By forcing programmatic vendors to go at it alone – committing to open-source engineering development, joining and funding Prebid as a separate organization and pushing for header-bidding adoption without the IAB’s backing – Google may have inadvertently strengthened the monster it meant to vanquish.
By the time Katsur took over the IAB Tech Lab in 2021 and saw the opportunity to bring header bidding back into the IAB fold, Prebid.org was moving too quickly to be caught.
The Prebid board declined Katsur’s offer for the Tech Lab to take over the tech because Prebid is “a software organization,” said one board member, speaking anonymously to discuss confidential matters.
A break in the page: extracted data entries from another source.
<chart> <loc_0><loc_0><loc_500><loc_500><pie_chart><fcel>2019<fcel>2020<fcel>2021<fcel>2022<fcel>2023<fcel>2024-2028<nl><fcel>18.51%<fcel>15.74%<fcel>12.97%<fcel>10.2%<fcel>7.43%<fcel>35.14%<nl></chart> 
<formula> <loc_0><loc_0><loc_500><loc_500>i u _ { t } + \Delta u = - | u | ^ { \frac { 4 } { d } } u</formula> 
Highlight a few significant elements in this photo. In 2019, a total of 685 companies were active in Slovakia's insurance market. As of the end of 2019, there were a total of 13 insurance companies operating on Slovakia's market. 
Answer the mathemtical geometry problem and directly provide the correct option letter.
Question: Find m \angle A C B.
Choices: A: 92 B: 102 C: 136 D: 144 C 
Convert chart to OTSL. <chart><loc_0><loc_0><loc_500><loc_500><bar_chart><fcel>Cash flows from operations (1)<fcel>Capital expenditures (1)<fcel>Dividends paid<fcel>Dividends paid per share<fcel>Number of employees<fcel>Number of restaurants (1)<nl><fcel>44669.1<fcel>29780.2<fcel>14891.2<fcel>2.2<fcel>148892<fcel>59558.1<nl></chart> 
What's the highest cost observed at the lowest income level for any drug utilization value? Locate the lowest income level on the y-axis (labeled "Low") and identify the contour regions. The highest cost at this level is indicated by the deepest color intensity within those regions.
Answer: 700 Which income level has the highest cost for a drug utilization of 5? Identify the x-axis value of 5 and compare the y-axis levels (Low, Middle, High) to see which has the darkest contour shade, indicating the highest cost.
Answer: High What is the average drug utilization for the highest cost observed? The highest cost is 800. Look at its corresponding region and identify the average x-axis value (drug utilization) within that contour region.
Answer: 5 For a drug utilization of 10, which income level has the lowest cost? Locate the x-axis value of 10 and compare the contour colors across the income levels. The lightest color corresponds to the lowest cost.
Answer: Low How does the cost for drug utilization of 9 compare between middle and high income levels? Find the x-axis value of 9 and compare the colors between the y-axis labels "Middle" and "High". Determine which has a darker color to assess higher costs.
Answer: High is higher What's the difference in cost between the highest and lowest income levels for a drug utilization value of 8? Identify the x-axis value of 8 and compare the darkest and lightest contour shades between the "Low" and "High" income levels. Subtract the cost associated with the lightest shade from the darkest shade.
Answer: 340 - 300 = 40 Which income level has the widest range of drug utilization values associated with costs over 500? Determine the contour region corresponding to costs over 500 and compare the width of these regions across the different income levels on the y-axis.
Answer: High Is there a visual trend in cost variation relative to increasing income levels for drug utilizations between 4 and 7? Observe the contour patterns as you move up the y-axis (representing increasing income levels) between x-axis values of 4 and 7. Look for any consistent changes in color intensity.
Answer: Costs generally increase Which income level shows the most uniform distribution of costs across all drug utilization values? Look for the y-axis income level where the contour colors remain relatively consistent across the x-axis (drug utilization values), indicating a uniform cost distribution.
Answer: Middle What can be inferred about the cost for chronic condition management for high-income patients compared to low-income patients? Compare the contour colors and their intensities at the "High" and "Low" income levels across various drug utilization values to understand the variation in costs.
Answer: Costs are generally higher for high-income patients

“There are big advantages in making binary decisions: Do we produce code that does X, or not? It’s pretty nice not to be tangled up in questions of policy,” the board member said.
Katsur declined to comment on the Prebid acquisition proposal. Google did not respond to request for comment on O’Kelley’s testimony and its purported attempt to prevent header-bidding adoption.
Having matured a bit as an independent organization, Prebid now has a real benefit of speed and clear purpose, Heather Carver, CRO of Freestar and a Prebid.org board member, told AdExchanger.
Within the Tech Lab, there are often immense bureaucratic hurdles to progress, she said. The Tech Lab tends to develop new tech slowly, and always with major concessions because the IAB must balance so many competing interests.
Prebid.org, by contrast, has a board that is on the same page and open-source developers from companies who are in the same boat and pulling in the same direction, Carver said.
Call it “move fast and fix things.”
The long road home?
Prebid.org was denied admission by the Tech Lab in 2017 and then returned the favor by turning down the Tech Lab’s acquisition overture in 2021.
But could – or will – the Prebid org someday become part of the IAB Tech Lab?
“Yes, I expect it will,” said a different Prebid board member, also speaking anonymously to speculate on how things might unfold.
Could the third time be the charm?
Although other Prebid board members prefer the org to remain independent, the same source said, the IAB Tech Lab is the natural eventual home of header-bidding tech. More importantly, the IAB Tech Lab has changed during Katsur’s tenure, the source added.
The Tech Lab now moves fast to ship new standards and is more willing to disappoint board members who prefer to delay, they said. If these changes for the Tech Lab stick, they said, and if someday Prebid matures to the point that it too is an organization that deals primarily in policy and consensus-building, “I can see header bidding finding its way home to the IAB.”